What to do when a move has nothing listed for failure? In particular I’m thinking of COUNTERSPELL and CALLED SHOT.

What to do when a move has nothing listed for failure? In particular I’m thinking of COUNTERSPELL and CALLED SHOT.

What to do when a move has nothing listed for failure? In particular I’m thinking of COUNTERSPELL and CALLED SHOT.

9 thoughts on “What to do when a move has nothing listed for failure? In particular I’m thinking of COUNTERSPELL and CALLED SHOT.”

  1. Any time a player rolls a 6-, the GM makes a hard move (see “When to Make a Move” in the GMing chapter of the Dungeon World book). That’s just as true for Counterspell and Called Shot.

    The hard move can be any of the listed moves, and should have an immediate consequence (that’s what differentiates it from a soft move, which might not be all bad or can be prevented).

    Depending on the situation, it might make sense for the hard move to relate directly to the action taken, or not.

    If the Mage performs a Counterspell on a magical spell cast by a powerful rival, it could easily make sense that the rival’s spell has “counterspell defense” and so the GM might use “Turn their move back on them” to make the Counterspell not only fail, but counter one of the Mage’s own existing spells. Or, the GM could use “Separate them,” and say that the Counterspell goes off successfully, but an explosion of magical energy blasts in the ceiling and now rubble has split the party.

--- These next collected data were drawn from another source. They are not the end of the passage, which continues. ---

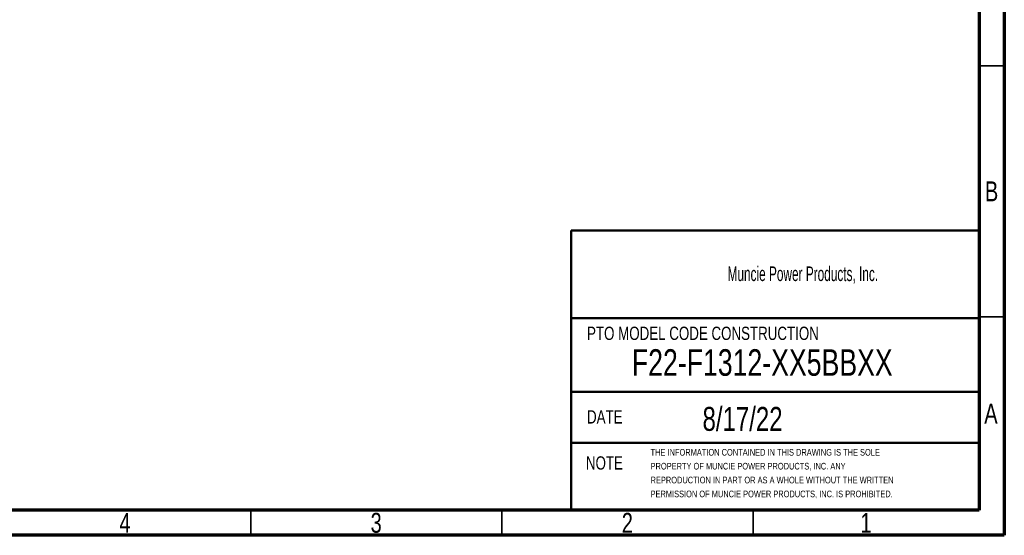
# Model space of a CAD drawing. Header units: inches. Extents: x 0.6 to 16.3, y 0.2 to 11.5.
# Tile 7 of 34: x 8.6 to 16.3, y 0.2 to 4.2. Entities that reach past the tile are written whole.
import ezdxf

# ---------------------------------------------------------------- set-up
doc = ezdxf.new("R2010")
doc.units = ezdxf.units.IN
doc.header["$MEASUREMENT"] = 0
doc.styles.add('SLDTEXTSTYLE0', font='TXT', dxfattribs={"width": 0.75})
doc.styles.add('SLDTEXTSTYLE1', font='TXT', dxfattribs={"width": 0.605})
doc.styles.add('SLDTEXTSTYLE2', font='TXT', dxfattribs={"width": 0.7})

# ---------------------------------------------------------------- blocks, each defined once
blk = doc.blocks.new('SW_NOTE_0')
at = {"color": 0, "linetype": 'Continuous', "lineweight": 0, "char_height": 0.052083, "attachment_point": 1, "style": 'SLDTEXTSTYLE2'}
for s, insert in [('THE INFORMATION CONTAINED IN THIS DRAWING IS THE SOLE', (0, 0.0671)), ('PROPERTY OF MUNCIE POWER PRODUCTS, INC. ANY', (0, -0.0417)), ('REPRODUCTION IN PART OR AS A WHOLE WITHOUT THE WRITTEN', (0, -0.1505)), ('PERMISSION OF MUNCIE POWER PRODUCTS, INC. IS PROHIBITED.', (0, -0.2593))]:
    blk.add_mtext(s, dxfattribs=dict(at, insert=insert))

msp = doc.modelspace()

# ---------------------------------------------------------------- linework, layer by layer
at = {"color": 7, "linetype": 'Continuous', "lineweight": 70}
for p, q in [((16.338583, 11.496063), (16.338583, 0.19685)), ((16.141732, 11.299213), (16.141732, 0.393701)), ((16.141732, 0.393701), (0.787402, 0.393701)), ((16.338583, 0.19685), (0.590551, 0.19685))]:
    msp.add_line(p, q, dxfattribs=at)
at = {"color": 7, "linetype": 'Continuous', "lineweight": 35}
for p, q in [((16.141732, 3.877953), (16.338583, 3.877953)), ((16.141732, 1.909449), (16.338583, 1.909449)), ((10.433071, 0.393701), (10.433071, 0.19685)), ((12.401575, 0.393701), (12.401575, 0.19685)), ((14.370079, 0.393701), (14.370079, 0.19685))]:
    msp.add_line(p, q, dxfattribs=at)
at = {"color": 7, "linetype": 'Continuous', "lineweight": 50}
for p, q in [((12.944882, 2.585776), (16.141732, 2.585776)), ((12.944882, 2.585776), (12.944882, 0.393701)), ((16.141732, 1.899606), (12.944882, 1.899606)), ((12.944882, 1.321168), (16.141732, 1.321168)), ((12.944882, 0.921644), (16.141732, 0.921644))]:
    msp.add_line(p, q, dxfattribs=at)

# ---------------------------------------------------------------- block references
at = {"color": 7, "linetype": 'Continuous', "lineweight": 0}
msp.add_blockref('SW_NOTE_0', (13.566313, 0.80655), dxfattribs=at)

# ---------------------------------------------------------------- texts
for s, insert, char_height, attachment_point, style in [('B', (16.239, 2.971414), 0.15625, 2, 'SLDTEXTSTYLE0'), ('Muncie Power Products, Inc.', (14.169749, 2.304257), 0.11458333, 1, 'SLDTEXTSTYLE1'), ('PTO MODEL CODE CONSTRUCTION', (13.068417, 1.832305), 0.10416667, 1, 'SLDTEXTSTYLE0'), ('F22-F1312-XX5BBXX', (14.44174, 1.655631), 0.20833333, 2, 'SLDTEXTSTYLE0'), ('DATE', (13.068417, 1.177337), 0.1041667, 1, 'SLDTEXTSTYLE0'), ('8/17/22', (13.973593, 1.203226), 0.1875, 1, 'SLDTEXTSTYLE0'), ('A', (16.233846, 1.229288), 0.15625, 2, 'SLDTEXTSTYLE0'), ('NOTE', (13.059737, 0.816099), 0.1041667, 1, 'SLDTEXTSTYLE0'), ('4', (9.447246, 0.372989), 0.15625, 2, 'SLDTEXTSTYLE0'), ('3', (11.415749, 0.372989), 0.15625, 2, 'SLDTEXTSTYLE0'), ('2', (13.384253, 0.372989), 0.15625, 2, 'SLDTEXTSTYLE0'), ('1', (15.254332, 0.372989), 0.15625, 2, 'SLDTEXTSTYLE0')]:
    msp.add_mtext(s, dxfattribs=dict(at, insert=insert, char_height=char_height, attachment_point=attachment_point, style=style))

doc.saveas('drawing.dxf')

    Or, it could even go somewhere totally different, and the Counterspell could work or not (up to the GM. If it was the spell of a lowly Goblin shaman, maybe it doesn’t make sense for the Mage to fail. They get the Counterspell off just fine), but a demon in the next room over noticed and has come to investigate, from the GM move “Reveal an unwelcome truth.”

    Make sense?

  2. A good Hard Move is irrevocable and follow through to completion. It doesn’t necessarily have to be immediate, and it doesn’t have to follow from the character’s action: it is a token that you, as MC, spend to advance the fiction on your terms (usually in a problematic way)!

    When someone rolls a miss on Counterspell or what have you, you are within the rules to let them off the hook and instead advance a villain’s dastardly plot elsewhere.

  3. Wow… It just seems so hardcore. If I have my math right, on any given roll the PC has a 5/12 chance of getting punched in the face by the GM with a hard move. But I am still left wondering why some/most moves have prescriptions given for 6- rolls, and some leave it to GM fiat.

  4. There are various reasons. For the Druid’s Shapeshift move, it’s a promise that the Druid gets to change their form no matter what (though that’s just asking for Turn Their Move Back On Them). For the Paladin’s I Am The Law, it’s an extra, but known, risk, to balance out a powerful ability.

    In general, though, remember, it’s different from “getting punched in the face by the GM” like some games. The GM has rules of their own, and among them are “Play to Find Out What Happens” and “Be a Fan of the Player’s Characters.” Whatever face-punching happens, if they are following the rules, adds to the collaborative story.

  5. The most common result of 2d6 is a 7 (16.6% of the time), and you’ll get some kind of success about 58% of the time. However, pretty much everyone will always be rolling a +1 at a minimum – whether from a stat or from discern realities, or similar. The odds are slanted, specifically, so that 7-9s happen more regularly than full hits or misses, I believe.

    And yes! Making a hard move is suppose to be hardcore! This game is about having some actual, concrete stakes whenever the dice come out. Something should always be happening somewhere, and the hard moves hammer that home.

  6. For counterspell I’d assumed something like this:

    GM: The NPC wizard starts casting a spell! What do you do?

    PC wizard: I counterspell. Damn, a six…

    GM: the spell goes off, take damage (or whatever seems appropriate for the npcs spell).

    Called shot is trickier, but remember that the hard move doesn’t always have to be against the archer specifically. Though of course this means that the specific move is very circumstantial. So maybe the orc siezes the gem the pcs where after, or stabs the player the archer was trying to defend with his bow-shot.